Personally, I think it is the Random class of plus version, which is convenient to simply generate data according to type and can also be generated with their own configuration and rules. However, as mentioned above, the generated data does not have much practical significance. Simple data is ok, but it is not suitable for data with practical significance such as name and address.

Java-faker

Java-faker is actually a migration from the well-known Faker in Ruby. Many languages have their migration equivalents, such as Python and Java.
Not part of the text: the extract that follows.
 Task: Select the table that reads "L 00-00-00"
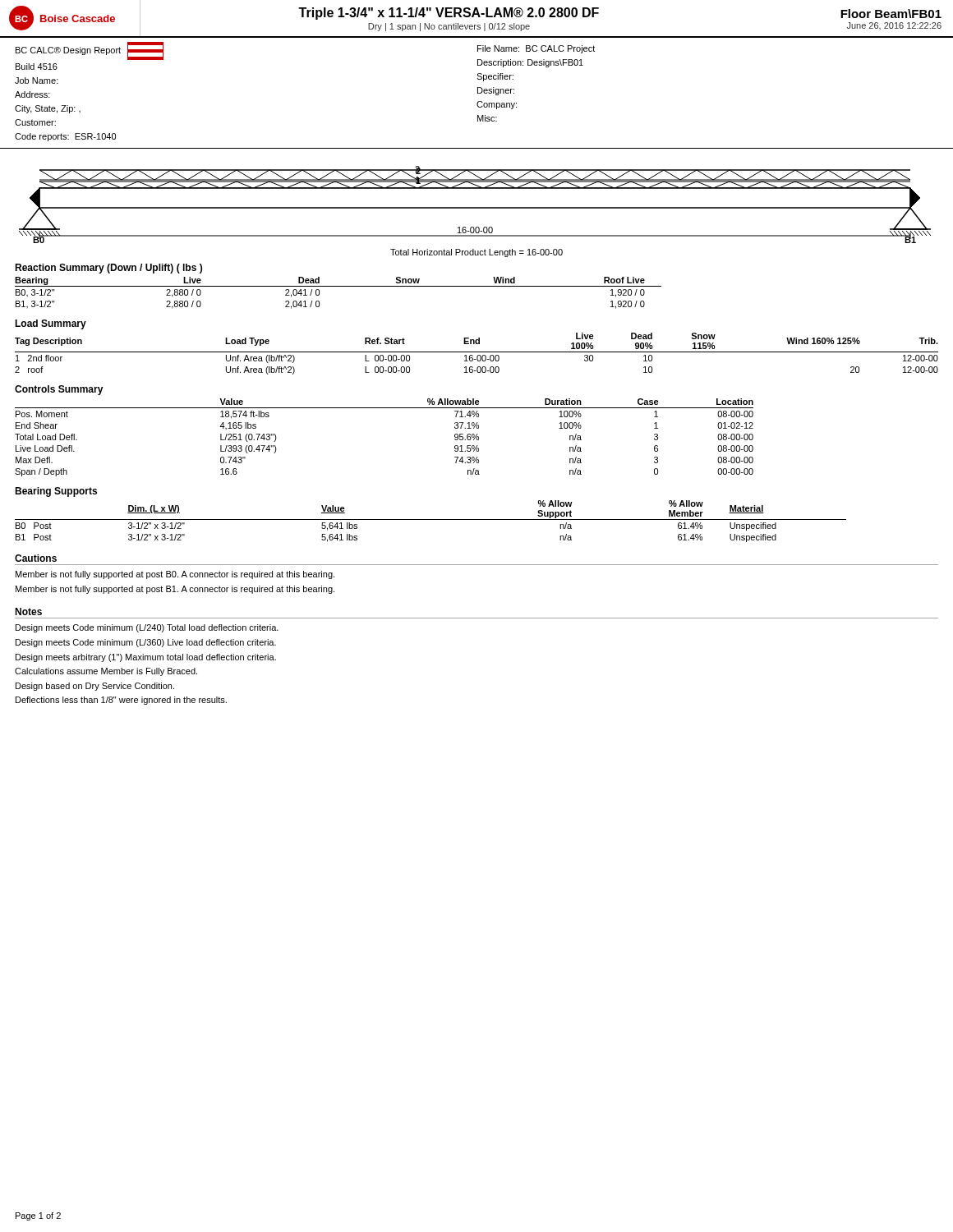[476, 353]

So the amount of data and functionality is very sophisticated and proven, and very easy to use. In practical work, it can be optimized. If you want to talk about the shortcomings, I think some of his international is not comprehensive, such as license plate, ID card and so on. If you are more stringent with this data, I recommend another project, Yindz/Common-Random: an easy-to-use random data generator. This project has done a lot of processing for localized data, which is basically enough.